Fowler's highest One Day International score of 81 not out against Pakistan came during the 1983 World Cup, in which he scored four consecutive half-centuries to help England to the semi-finals, averaging 72.00 for the tournament. He was the first player to achieve the feat of four consecutive fifty-plus scores in a World Cup, but these would be the only occasions that Fowler passed fifty in ODIs.

Against Leicestershire in the same year he scored ten sixes in successive shots, and five fours to make a century, although Leicestershire were employing non-specialist bowlers.
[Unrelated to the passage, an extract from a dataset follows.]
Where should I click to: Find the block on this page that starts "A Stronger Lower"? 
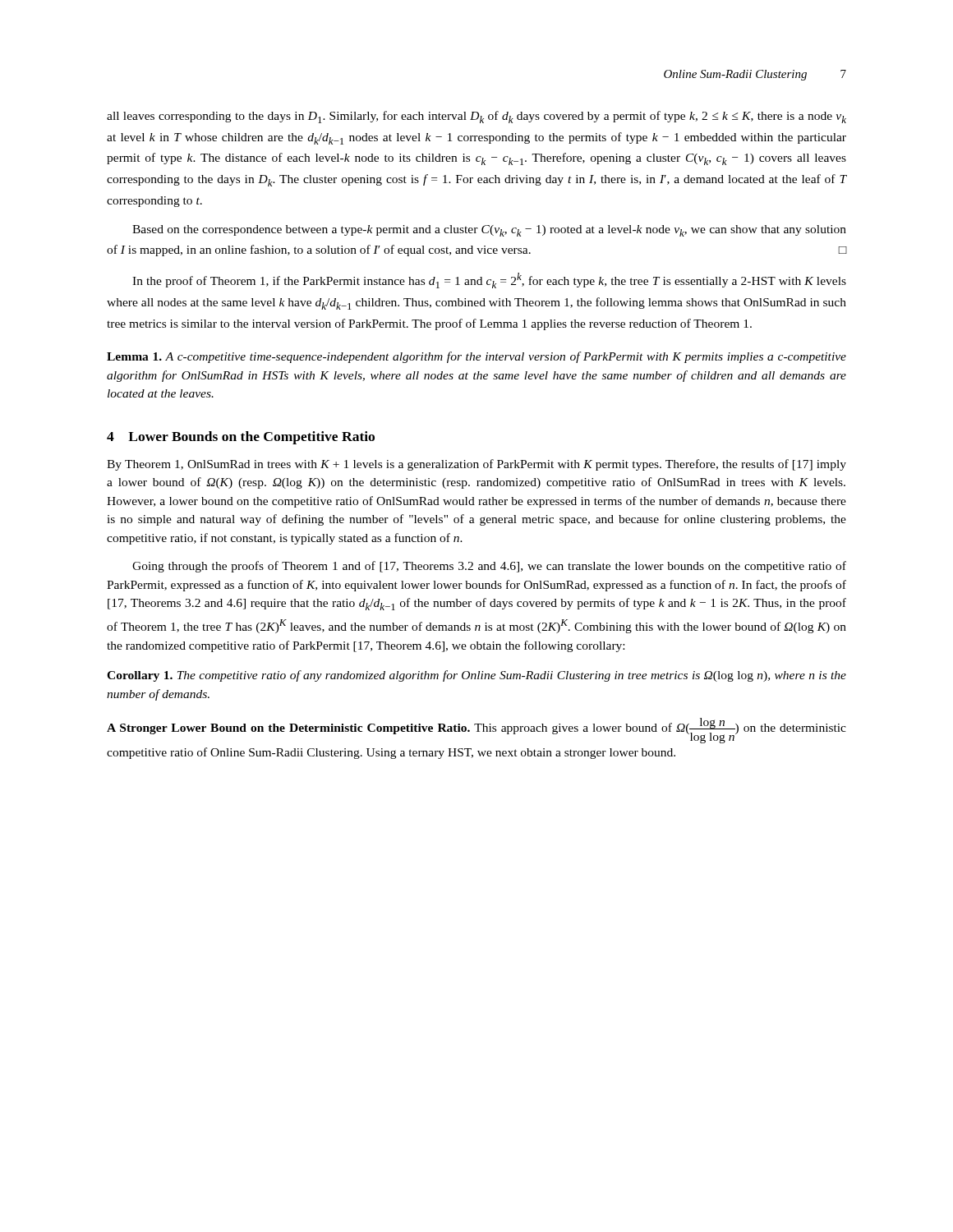point(476,738)

He is the only batsman to score two complete hundreds in a match with the aid of a runner. Playing for Lancashire at Southport in 1982, he strained his thigh while fielding on the first day during Warwickshire's innings of 523–4 declared, but batted without a runner to score 26 not out at stumps. He then scored exactly 100 before lunch on the second day with David Lloyd as his runner. In the second innings, Ian Folley ran for him (and acknowledged the crowd's applause for the century) when Fowler scored 128 not out on the third day. In 1987, Fowler scored an unbeaten century in a Sunday League match against Somerset, despite an injury which forced him to bat with a runner.

In 1992, Fowler suffered amongst others as Lancashire had a widescale clear-out of its playing staff.
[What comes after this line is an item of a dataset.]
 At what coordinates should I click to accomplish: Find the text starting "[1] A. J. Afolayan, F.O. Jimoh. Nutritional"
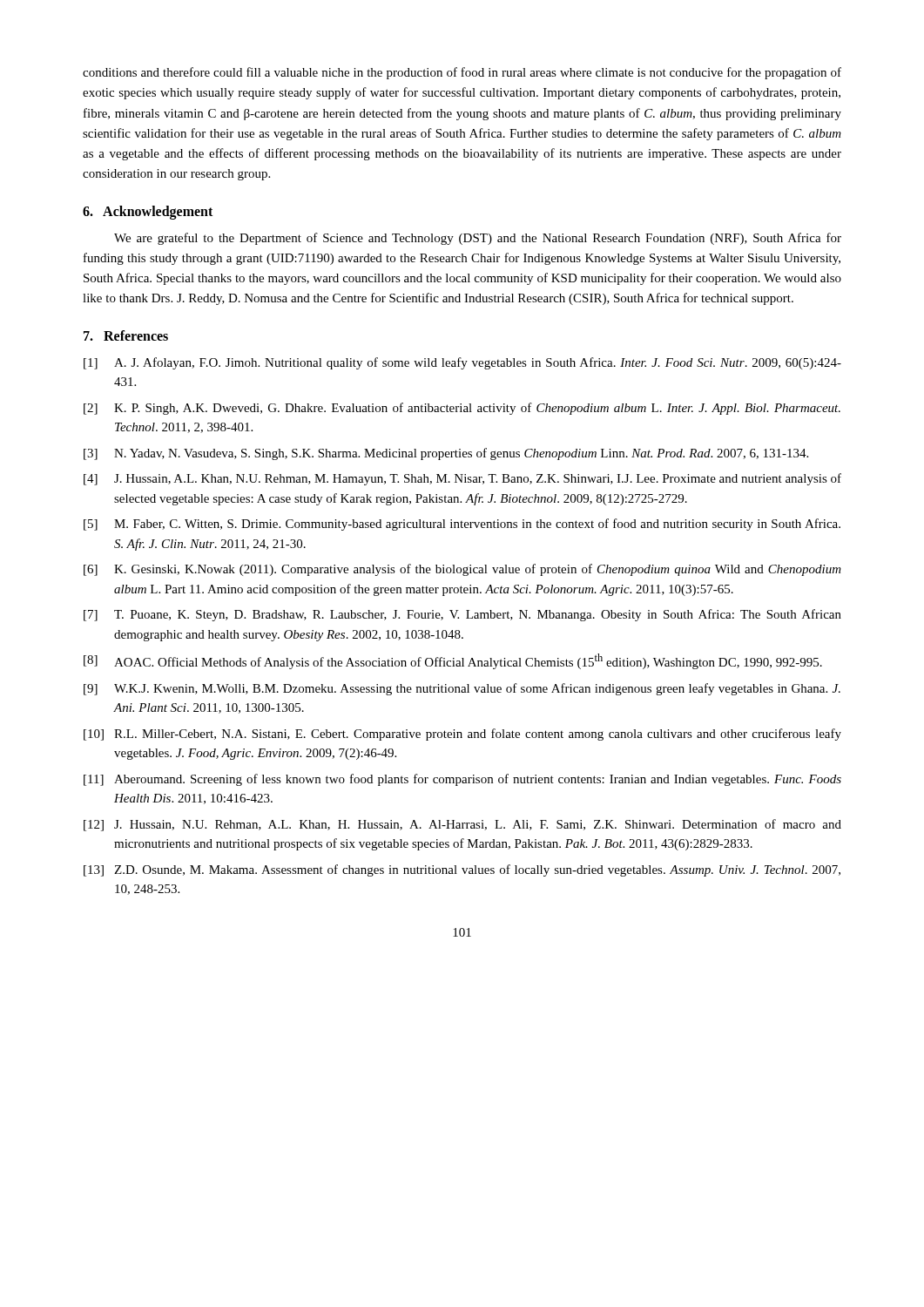point(462,372)

==Post-Lancashire career==
After leaving Lancashire, Fowler played for Durham and coached at their academy, setting up a Cricket School of Excellence in 1996. Among the players he coached were Andrew Strauss and Robin Martin-Jenkins. Since 1987, he has been a cricket broadcaster, sometimes with Test Match Special, and also with Test Match Sofa. He also held the post of Senior Cricket Coach at Durham University until May 2015.

==Later life and health==
He wrote a book entitled Fox on the Run (ISBN 978-0-670-81560-9) describing a difficult county season, after being dropped from the England side. According to his Lancashire teammate Mike Atherton, Fowler was a constant smoker.
Fowler has been open about his depression, including in his 2016 book Absolutely Foxed.

Fowler also made an appearance playing drums on Roy Harpers 1993 live album Unhinged.